• EXERCISE OBJECTIVE
Omitting the pictures, restate all of the entries below exactly.

------------------------------------------------------------------------

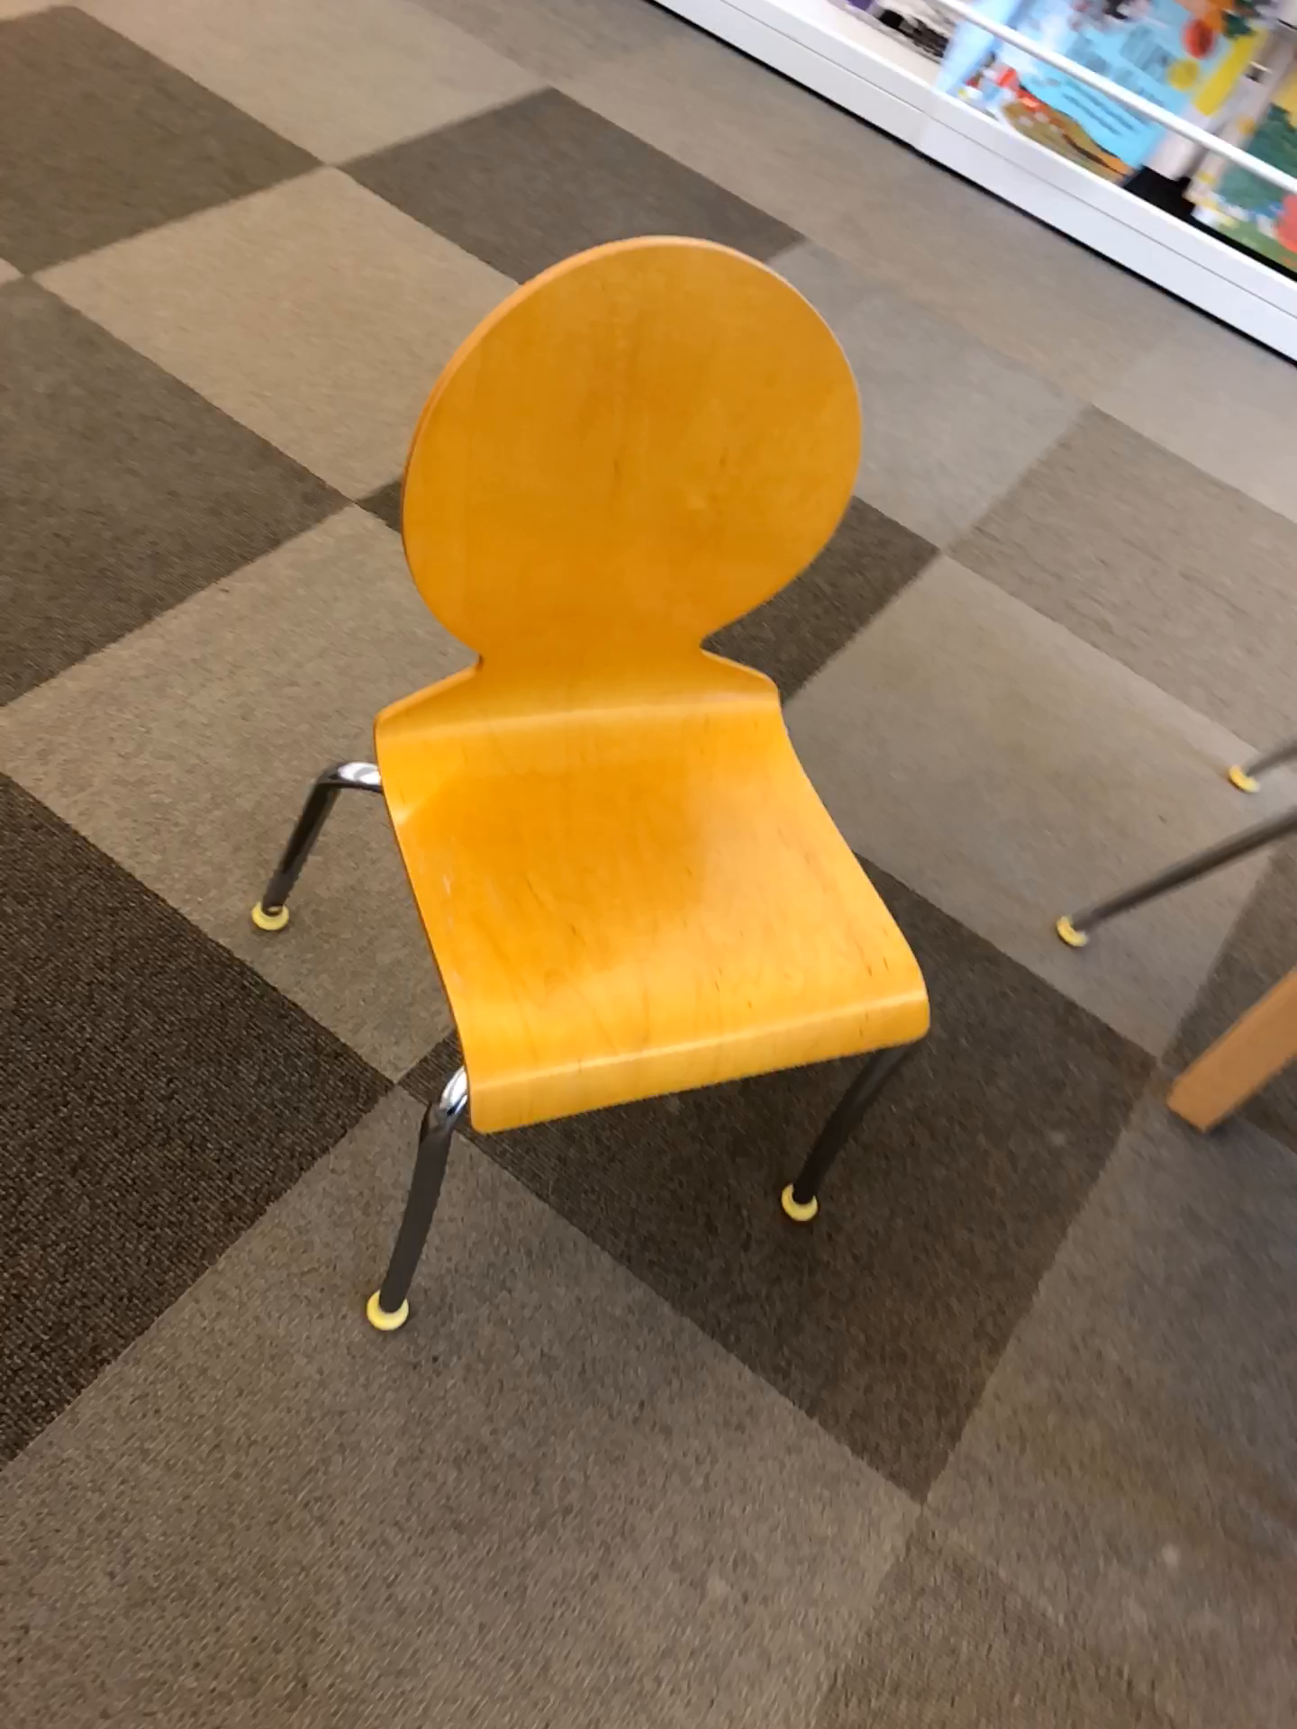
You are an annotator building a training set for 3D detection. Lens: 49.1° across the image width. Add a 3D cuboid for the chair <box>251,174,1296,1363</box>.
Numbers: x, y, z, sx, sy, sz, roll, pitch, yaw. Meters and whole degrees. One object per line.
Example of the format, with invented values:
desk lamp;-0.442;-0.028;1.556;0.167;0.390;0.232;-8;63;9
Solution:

------------------------------------------------------------------------

• EXERCISE RESPONSE
You are an annotator building a training set for 3D detection. Lens: 49.1° across the image width. Add a 3D cuboid for the chair <box>251,174,1296,1363</box>.
Numbers: x, y, z, sx, sy, sz, roll, pitch, yaw. Meters and whole degrees. One object per line.
Example of the format, with invented values:
desk lamp;-0.442;-0.028;1.556;0.167;0.390;0.232;-8;63;9
Solution:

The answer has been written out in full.